Public Comment

Smart Growth: Another View

By Charles Siegel
Monday January 30, 2012 - 09:42:00 AM

In her two articles about regional planning for smart growth, Zelda Bronstein repeatedly claims that the planning is undemocratic. She sympathizes with Tea Party members who have disrupted planning meetings and who gave the biggest round of applause one evening to a Berkeley extremist who is well known for disrupting city meetings.  


She quotes with approval one Tea Party member who explained that she did not go to breakout sessions because "they’re going to do whatever they’re going to do, regardless of the public input" and other Tea-party members who held signs that said “ABAG/MTC don’t speak for me,” “This is a rigged meeting” and “We’re being railroaded.”  


She concludes that these regional agencies should make "future planning for our region, more accountable to the public at large." 

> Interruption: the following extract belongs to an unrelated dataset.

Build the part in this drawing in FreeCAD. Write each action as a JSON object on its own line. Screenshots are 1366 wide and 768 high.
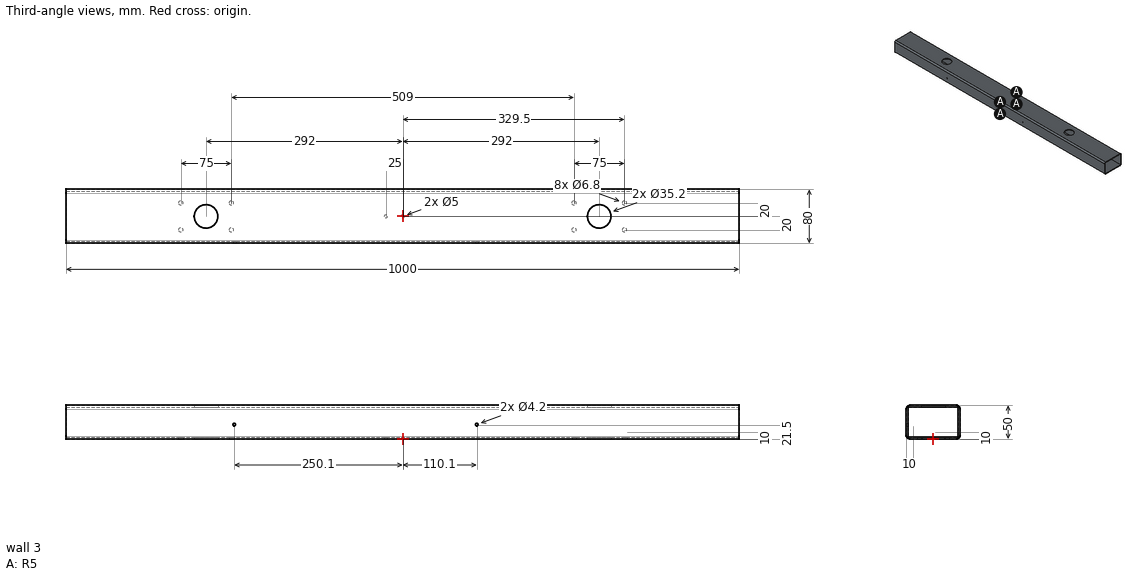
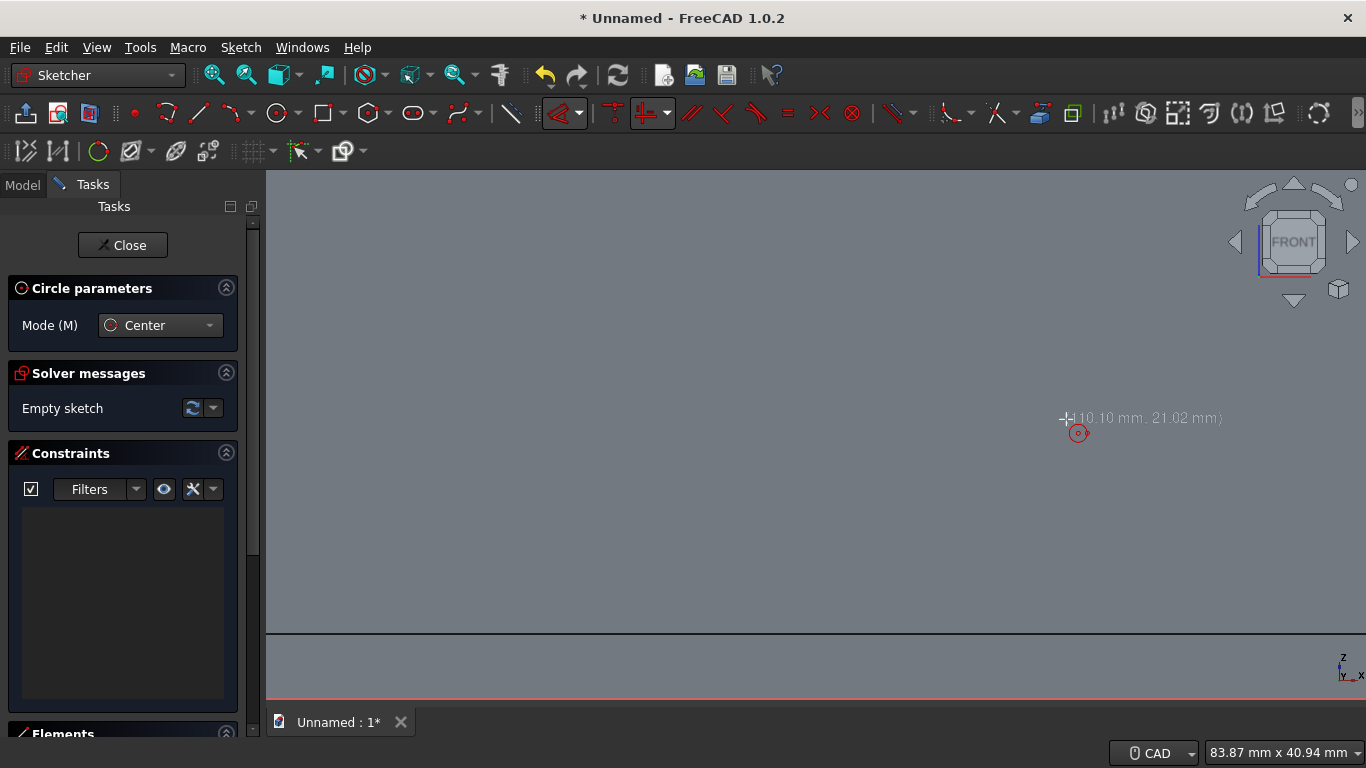
{"action": "scroll", "coordinate": [1068, 422], "scroll_direction": "down", "scroll_amount": 10}

Yet she also writes: "SB 375, signed by then-Governor Schwarzenegger, requires California to reduce its greenhouse gas emissions to 1990 levels by 2020. To that end, each of the state’s eighteen metropolitan planning organizations—in our case, ABAG plus MTC—must prepare a long-range plan that integrates its region’s transportation, housing and land use in ways that get people to drive less. In the Bay Area, as elsewhere in the country, this is called planning for “smart” growth and “sustainable” development." 


In other words, regional agencies are planning for smart growth because they are following a law that was passed by the state legislature and signed by the governor. That sounds democratic to me: the law was passed by elected officials who are "accountable to the public at large." 

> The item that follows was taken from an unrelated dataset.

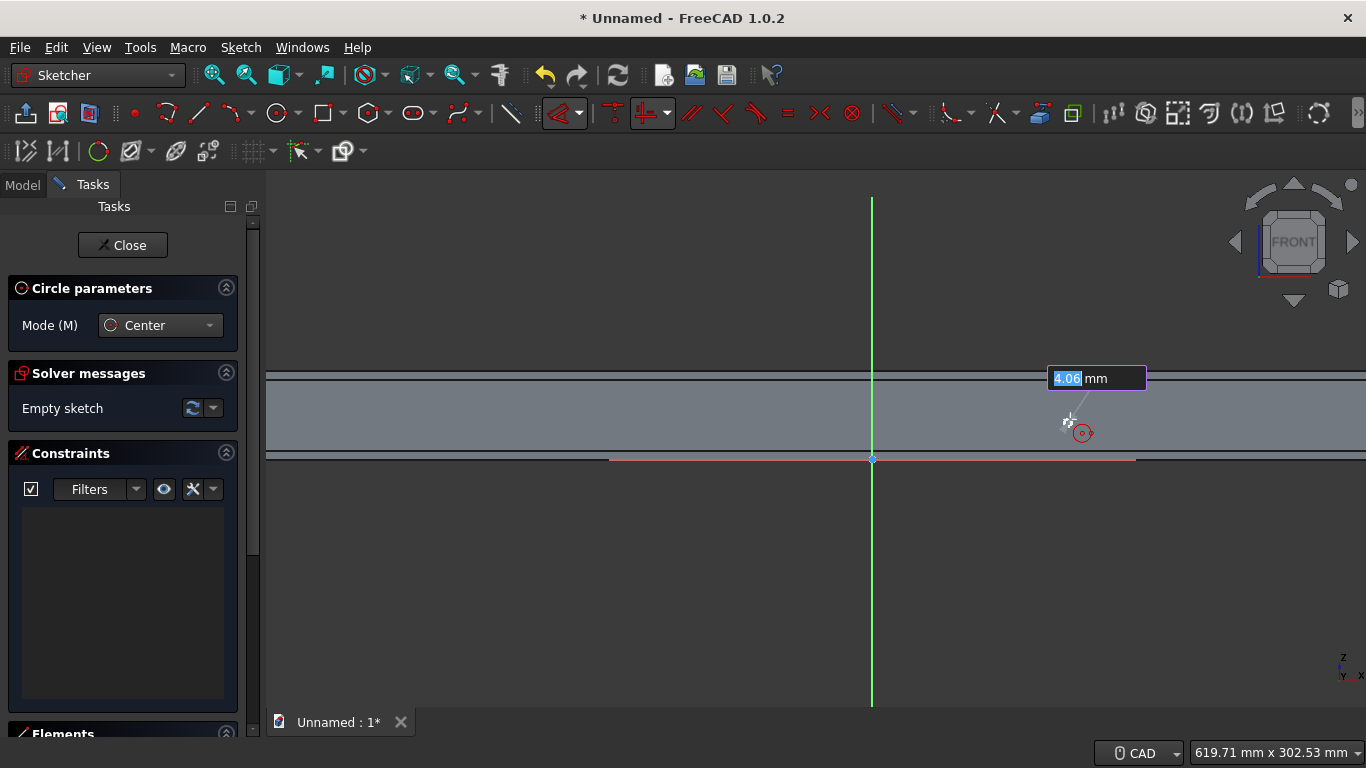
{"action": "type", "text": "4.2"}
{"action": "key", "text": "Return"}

The Tea Party is a minority of the Republican Party and a small minority of the State of California. The Tea Party has outsized influence because it gets funding from the Koch Brothers and other fossil fuel interests. The Tea Party and its Berkeley supporters are not "accountable" to anyone and certainly do not represent "the public at large." When the legislature required regional planning agencies to consult with the public, they obviously did not intend for SB 375's smart-growth mandate to be nullified by a noisy, disruptive minority who are in favor of sprawl and who deny climate science.  


Democracy is not threatened by regional agencies that are following a law passed by the elected legislators of California. 


Democracy is threatened by extremists who disrupt public meetings and try to prevent government from functioning when it tries to carry out a law that they do not like.